Optimization usually comes after the initial release and after thorough debugging and the trial by fire that is thousands of users banging away at it in unexpected ways. You don't typically optimize the first version heavily, as working right is more important than working efficiently, and optimizations are notorious for destabilizing code.
You really can't start optimizing until your algorithms are in place and rock solid. It's mostly a time-consuming job consisting of a great many tiny improvements, each of which might shave off only a couple microseconds or a few clock cycles, but in aggregate can accumulate into milliseconds. Once in awhile you find a way to make some routine way, way faster just by re-thinking its logic. If it's a low-level function that gets called often, the improvement can be dramatic.

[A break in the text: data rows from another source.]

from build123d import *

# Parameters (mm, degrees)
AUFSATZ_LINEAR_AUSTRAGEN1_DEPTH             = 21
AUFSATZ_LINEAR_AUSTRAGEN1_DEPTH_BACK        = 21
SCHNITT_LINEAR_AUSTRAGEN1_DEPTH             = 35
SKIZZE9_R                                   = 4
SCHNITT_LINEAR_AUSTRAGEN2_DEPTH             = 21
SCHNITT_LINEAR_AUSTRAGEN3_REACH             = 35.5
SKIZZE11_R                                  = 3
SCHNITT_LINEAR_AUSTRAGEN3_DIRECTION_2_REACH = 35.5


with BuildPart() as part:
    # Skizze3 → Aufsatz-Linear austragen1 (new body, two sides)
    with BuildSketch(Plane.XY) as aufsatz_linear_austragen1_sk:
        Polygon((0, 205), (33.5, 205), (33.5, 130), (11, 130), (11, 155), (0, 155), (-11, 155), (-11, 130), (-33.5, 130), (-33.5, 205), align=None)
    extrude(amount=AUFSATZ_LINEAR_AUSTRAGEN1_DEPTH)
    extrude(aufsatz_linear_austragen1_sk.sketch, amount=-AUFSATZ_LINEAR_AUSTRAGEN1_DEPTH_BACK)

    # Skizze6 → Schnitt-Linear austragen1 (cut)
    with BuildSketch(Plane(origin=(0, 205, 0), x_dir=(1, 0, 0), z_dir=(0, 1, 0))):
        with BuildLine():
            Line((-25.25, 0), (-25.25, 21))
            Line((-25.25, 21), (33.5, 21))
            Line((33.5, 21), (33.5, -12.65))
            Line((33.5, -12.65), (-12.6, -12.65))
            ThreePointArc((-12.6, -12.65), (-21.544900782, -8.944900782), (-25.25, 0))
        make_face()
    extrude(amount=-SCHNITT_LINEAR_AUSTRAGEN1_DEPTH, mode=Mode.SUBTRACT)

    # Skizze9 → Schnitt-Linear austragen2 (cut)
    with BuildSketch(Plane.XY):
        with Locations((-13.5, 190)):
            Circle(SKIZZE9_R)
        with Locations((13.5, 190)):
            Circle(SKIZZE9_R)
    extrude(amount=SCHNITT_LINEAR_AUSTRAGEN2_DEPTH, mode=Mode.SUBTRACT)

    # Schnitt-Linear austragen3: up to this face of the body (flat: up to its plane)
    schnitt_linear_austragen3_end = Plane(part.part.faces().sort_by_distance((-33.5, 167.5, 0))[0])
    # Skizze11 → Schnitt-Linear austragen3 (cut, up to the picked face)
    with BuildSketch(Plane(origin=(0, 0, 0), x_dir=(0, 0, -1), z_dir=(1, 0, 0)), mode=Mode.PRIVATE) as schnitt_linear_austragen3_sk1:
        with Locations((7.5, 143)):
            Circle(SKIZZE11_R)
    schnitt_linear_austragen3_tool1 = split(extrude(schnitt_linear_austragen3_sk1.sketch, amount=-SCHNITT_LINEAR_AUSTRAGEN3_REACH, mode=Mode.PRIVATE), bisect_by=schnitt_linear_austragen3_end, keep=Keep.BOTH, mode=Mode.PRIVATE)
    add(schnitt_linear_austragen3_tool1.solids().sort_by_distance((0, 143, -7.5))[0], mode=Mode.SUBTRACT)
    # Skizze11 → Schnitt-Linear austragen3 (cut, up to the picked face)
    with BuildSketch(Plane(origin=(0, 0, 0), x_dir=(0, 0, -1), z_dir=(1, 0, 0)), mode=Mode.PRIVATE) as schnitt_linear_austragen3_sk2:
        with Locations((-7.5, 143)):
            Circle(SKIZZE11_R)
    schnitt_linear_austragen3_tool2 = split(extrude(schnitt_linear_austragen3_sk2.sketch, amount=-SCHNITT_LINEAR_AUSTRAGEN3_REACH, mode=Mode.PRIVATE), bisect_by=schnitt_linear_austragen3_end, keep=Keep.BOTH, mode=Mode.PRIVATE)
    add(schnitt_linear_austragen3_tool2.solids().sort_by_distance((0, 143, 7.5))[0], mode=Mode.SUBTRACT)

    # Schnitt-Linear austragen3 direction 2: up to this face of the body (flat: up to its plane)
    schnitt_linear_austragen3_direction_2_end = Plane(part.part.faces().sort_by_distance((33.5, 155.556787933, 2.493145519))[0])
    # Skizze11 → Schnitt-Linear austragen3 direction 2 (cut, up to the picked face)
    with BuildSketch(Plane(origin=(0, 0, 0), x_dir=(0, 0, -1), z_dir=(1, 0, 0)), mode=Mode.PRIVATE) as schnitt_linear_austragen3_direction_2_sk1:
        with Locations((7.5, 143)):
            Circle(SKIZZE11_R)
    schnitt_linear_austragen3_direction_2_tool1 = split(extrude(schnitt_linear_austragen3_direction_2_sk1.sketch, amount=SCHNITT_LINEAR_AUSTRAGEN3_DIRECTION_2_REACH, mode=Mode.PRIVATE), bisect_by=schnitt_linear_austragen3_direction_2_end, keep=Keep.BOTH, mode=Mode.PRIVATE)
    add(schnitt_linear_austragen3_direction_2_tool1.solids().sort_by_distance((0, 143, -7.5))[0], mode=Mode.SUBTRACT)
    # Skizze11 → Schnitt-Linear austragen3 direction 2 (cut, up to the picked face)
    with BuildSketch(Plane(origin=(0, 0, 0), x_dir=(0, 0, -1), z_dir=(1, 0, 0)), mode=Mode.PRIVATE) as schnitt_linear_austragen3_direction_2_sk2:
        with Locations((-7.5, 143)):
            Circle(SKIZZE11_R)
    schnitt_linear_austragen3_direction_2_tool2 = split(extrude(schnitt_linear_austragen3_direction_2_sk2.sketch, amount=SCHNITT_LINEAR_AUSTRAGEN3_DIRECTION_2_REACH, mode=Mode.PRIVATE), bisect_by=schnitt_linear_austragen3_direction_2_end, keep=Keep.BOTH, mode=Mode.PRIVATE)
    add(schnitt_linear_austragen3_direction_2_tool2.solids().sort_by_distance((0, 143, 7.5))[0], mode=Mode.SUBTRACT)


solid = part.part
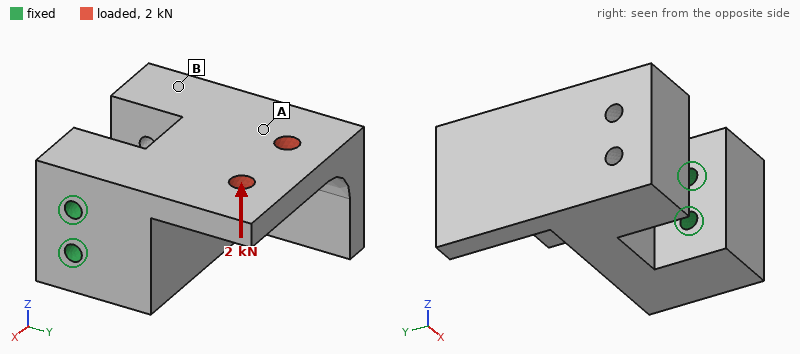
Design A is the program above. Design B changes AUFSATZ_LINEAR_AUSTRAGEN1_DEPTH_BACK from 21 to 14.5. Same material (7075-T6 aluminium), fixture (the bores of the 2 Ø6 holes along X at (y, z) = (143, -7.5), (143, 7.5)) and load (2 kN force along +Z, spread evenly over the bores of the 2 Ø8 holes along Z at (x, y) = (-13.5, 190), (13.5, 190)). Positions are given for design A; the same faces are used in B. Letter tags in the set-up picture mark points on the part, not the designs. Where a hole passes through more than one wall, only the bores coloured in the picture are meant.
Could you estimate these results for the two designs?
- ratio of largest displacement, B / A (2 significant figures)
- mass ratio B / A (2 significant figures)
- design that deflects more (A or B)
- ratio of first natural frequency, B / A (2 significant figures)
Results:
1.1
0.87
B
1.0
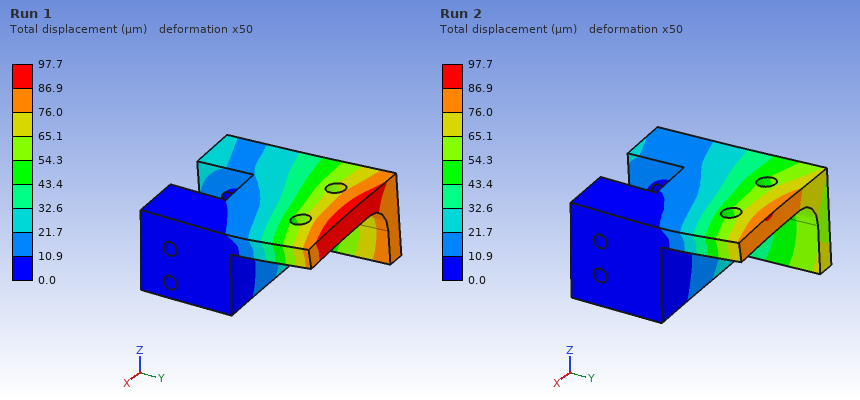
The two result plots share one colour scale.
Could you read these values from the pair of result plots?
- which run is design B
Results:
Run 1

Optimization usually doesn't involve changing algorithms, but rather making existing algorithms more efficient. Little things like using a rotate-right instruction instead of dividing by two, replacing functions with inline macros, using integer math where appropriate, or not checking a variable for validity in a loop once you're sure it'll always be valid. You can only do these things after you've achieved a high degree of confidence in the algorithms and have a good test suite to verify that the optimized version produces exactly the same results as before.
Some optimizations are as easy as updating your compiler. Compilers keep getting smarter about optimizing on the fly. So at least some of the speed-up could just come down to using a new compiler.